Performance, latencies and configuration
Latency times and their measurability
As described under Execute AI model, the total execution time or total latency of an AI model on the TwinCAT Machine Learning Server consists of different time components.

The "model execution time" shown in the figure above can be divided into three parts:
- ADS communication between PLC and server
- Server overhead (receiving data, processing and forwarding to the execution unit)
- Model inference time
In addition, there is the time delay caused by the cyclic code execution of the PLC, which is indicated in the figure above as "waiting for next cycle".
The FB_MlSvrPrediction has a structure stLatencyMonitor of type ST_LatencyMonitor as output. This includes the elements:
nInferenceLatency
: Describes the pure model inference runtime.nServerLatency
: Describes the server overhead.nCommunicationLatency
: ADS communication + "waiting for next cycle"
The data is determined in milliseconds and is measured and updated with each inference.
Configuration options and latency effects
Reduction of the model inference runtime
You can reduce this proportion by providing more computing resources for the TcMlServer. If the Execution Provider is set to CPU, the TcMlServer uses the CPU computing resources available in user mode for inference. Please note that cores isolated from TwinCAT are not available to the user mode and that shared cores with TwinCAT are only partially available to the user mode. The TcMlServer also shares resources with other User Mode applications, such as the TwinCAT HMI Server, the TwinCAT Scope Server and others. Please also observe the instructions when using CPUs with hybrid architecture.
If you have the option of running the calculation on a GPU, you can set it to Tesla Compute Cluster (TCC) mode (for Windows operating systems). NVIDIA® TCC mode is an operation mode for NVIDIA® GPUs that disables the graphics output and optimizes the GPU exclusively for computing tasks. This means that the GPU is only available for dedicated computing operations. The TcMlServer can then execute inferences on the GPU without competing processes. Details on the TCC mode can be found here: System configuration for GPU operation.
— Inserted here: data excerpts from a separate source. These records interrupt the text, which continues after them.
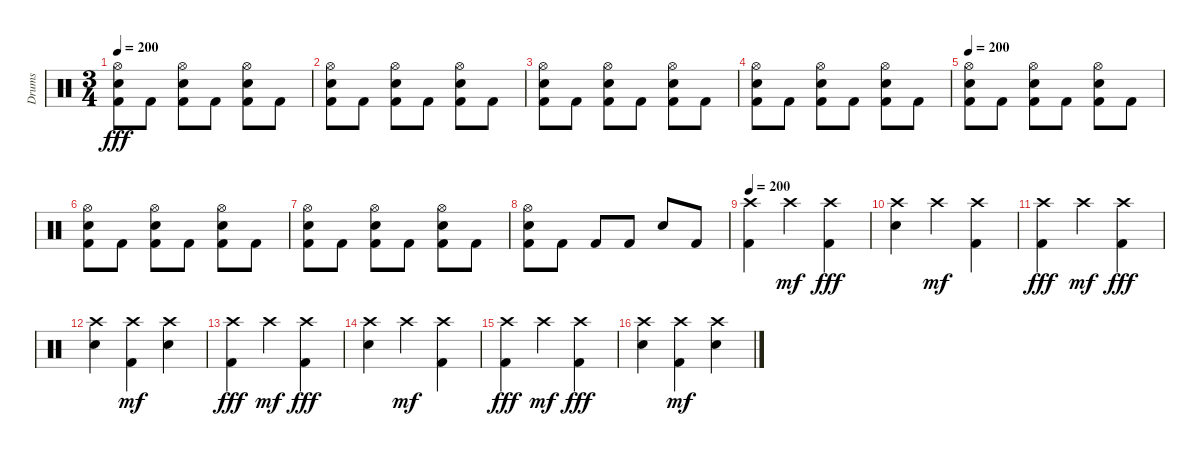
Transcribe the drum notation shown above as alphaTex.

\track ("Drums" "Drums") {instrument percussion}
\staff {score}
\articulation defaults
\ts (3 4)
\tempo 200
\clef neutral
\ks c
("Hi-Hat (open)" "Electric Snare (hit)" "Kick (hit) 2").8{dy fff} "Kick (hit) 2".8 ("Hi-Hat (open)" "Electric Snare (hit)" "Kick (hit) 2").8 "Kick (hit) 2".8 ("Hi-Hat (open)" "Electric Snare (hit)" "Kick (hit) 2").8 "Kick (hit) 2".8 |
("Hi-Hat (open)" "Electric Snare (hit)" "Kick (hit) 2").8 "Kick (hit) 2".8 ("Hi-Hat (open)" "Electric Snare (hit)" "Kick (hit) 2").8 "Kick (hit) 2".8 ("Hi-Hat (open)" "Electric Snare (hit)" "Kick (hit) 2").8 "Kick (hit) 2".8 |
("Hi-Hat (open)" "Electric Snare (hit)" "Kick (hit) 2").8 "Kick (hit) 2".8 ("Hi-Hat (open)" "Electric Snare (hit)" "Kick (hit) 2").8 "Kick (hit) 2".8 ("Hi-Hat (open)" "Electric Snare (hit)" "Kick (hit) 2").8 "Kick (hit) 2".8 |
("Hi-Hat (open)" "Electric Snare (hit)" "Kick (hit) 2").8 "Kick (hit) 2".8 ("Hi-Hat (open)" "Electric Snare (hit)" "Kick (hit) 2").8 "Kick (hit) 2".8 ("Hi-Hat (open)" "Electric Snare (hit)" "Kick (hit) 2").8 "Kick (hit) 2".8 |
\tempo 200
("Hi-Hat (open)" "Electric Snare (hit)" "Kick (hit) 2").8 "Kick (hit) 2".8 ("Hi-Hat (open)" "Electric Snare (hit)" "Kick (hit) 2").8 "Kick (hit) 2".8 ("Hi-Hat (open)" "Electric Snare (hit)" "Kick (hit) 2").8 "Kick (hit) 2".8 |
("Hi-Hat (open)" "Electric Snare (hit)" "Kick (hit) 2").8 "Kick (hit) 2".8 ("Hi-Hat (open)" "Electric Snare (hit)" "Kick (hit) 2").8 "Kick (hit) 2".8 ("Hi-Hat (open)" "Electric Snare (hit)" "Kick (hit) 2").8 "Kick (hit) 2".8 |
("Hi-Hat (open)" "Electric Snare (hit)" "Kick (hit) 2").8 "Kick (hit) 2".8 ("Hi-Hat (open)" "Electric Snare (hit)" "Kick (hit) 2").8 "Kick (hit) 2".8 ("Hi-Hat (open)" "Electric Snare (hit)" "Kick (hit) 2").8 "Kick (hit) 2".8 |
("Hi-Hat (open)" "Electric Snare (hit)" "Kick (hit) 2").8 "Kick (hit) 2".8 "Kick (hit) 2".8 "Kick (hit) 2".8 "Electric Snare (hit)".8 "Kick (hit) 2".8 |
\tempo 200
("Crash high (hit)" "Kick (hit) 2").4 "Crash high (hit)".4{dy mf} ("Crash high (hit)" "Kick (hit) 2").4{dy fff} |
("Crash high (hit)" "Electric Snare (hit)").4 "Crash high (hit)".4{dy mf} ("Crash high (hit)" "Kick (hit) 2").4 |
("Crash high (hit)" "Kick (hit) 2").4{dy fff} "Crash high (hit)".4{dy mf} ("Crash high (hit)" "Kick (hit) 2").4{dy fff} |
("Crash high (hit)" "Electric Snare (hit)").4 ("Crash high (hit)" "Kick (hit) 2").4{dy mf} ("Crash high (hit)" "Electric Snare (hit)").4 |
("Crash high (hit)" "Kick (hit) 2").4{dy fff} "Crash high (hit)".4{dy mf} ("Crash high (hit)" "Kick (hit) 2").4{dy fff} |
("Crash high (hit)" "Electric Snare (hit)").4 "Crash high (hit)".4{dy mf} ("Crash high (hit)" "Kick (hit) 2").4 |
("Crash high (hit)" "Kick (hit) 2").4{dy fff} "Crash high (hit)".4{dy mf} ("Crash high (hit)" "Kick (hit) 2").4{dy fff} |
("Crash high (hit)" "Electric Snare (hit)").4 ("Crash high (hit)" "Kick (hit) 2").4{dy mf} ("Crash high (hit)" "Electric Snare (hit)").4

Reduction of server overhead
The part of server overhead is usually negligible. The other parts should rather be minimized. The server uses the CPU computing capacity of the user mode for the necessary actions.
Reduction of ADS communication latency
To minimize ADS communication latency, it is recommended to install the client and the server on the same IPC. This means that ADS communication is handled locally on the device using the main memory. Latency increases considerably with remote ADS communication via the network.
An important factor is the communicated data size. In the case of image processing models, the image size in particular must be considered as an input to the model. The Resize operation can be a decisive factor here. You can execute this in the PLC before the Predict call or insert it as an ONNX operator in the ONNX. The Resize operator, executed on the GPU with the TwinCAT Machine Learning Server, is executed faster than on the CPU with the TwinCAT Vision function, but the difference in ADS communication can be significant.
Reduce the waiting time until the next cycle
You can only shorten this latency by reducing the task cycle time. A short cycle time means that you check at short intervals whether the result is available from the server. This may compete with other states of the PLC program that require longer runtimes. It may be useful to run the Predict call in another, faster task.
Configuration of the TcMlServer on CPUs with hybrid architecture
On hybrid architectures with both performance and efficiency cores, the TcMlServer only works on one core type to minimize latency jitter. By default, the TcMlServer only works on performance cores that are available to the user mode of the IPC.
The preferred core type will be changed in the server configuration file. This can be found under C:\ProgramData\Beckhoff\TwinCAT\Functions\TF38xx-Machine-Learning\TcMlServer\config\server\server.json
. The behavior of the TcMlServer can be changed by manipulating the entry e_core_preference_in_hybrid_architecture
.
Only use P cores (default): "e_core_preference_in_hybrid_architecture": false
Only use E cores: "e_core_preference_in_hybrid_architecture": true
Changes to the server configuration only take effect after a server restart.
If none of the configured core types are available, the TcMlServer falls back to the available ones and acknowledges the fact with a warning in the log file.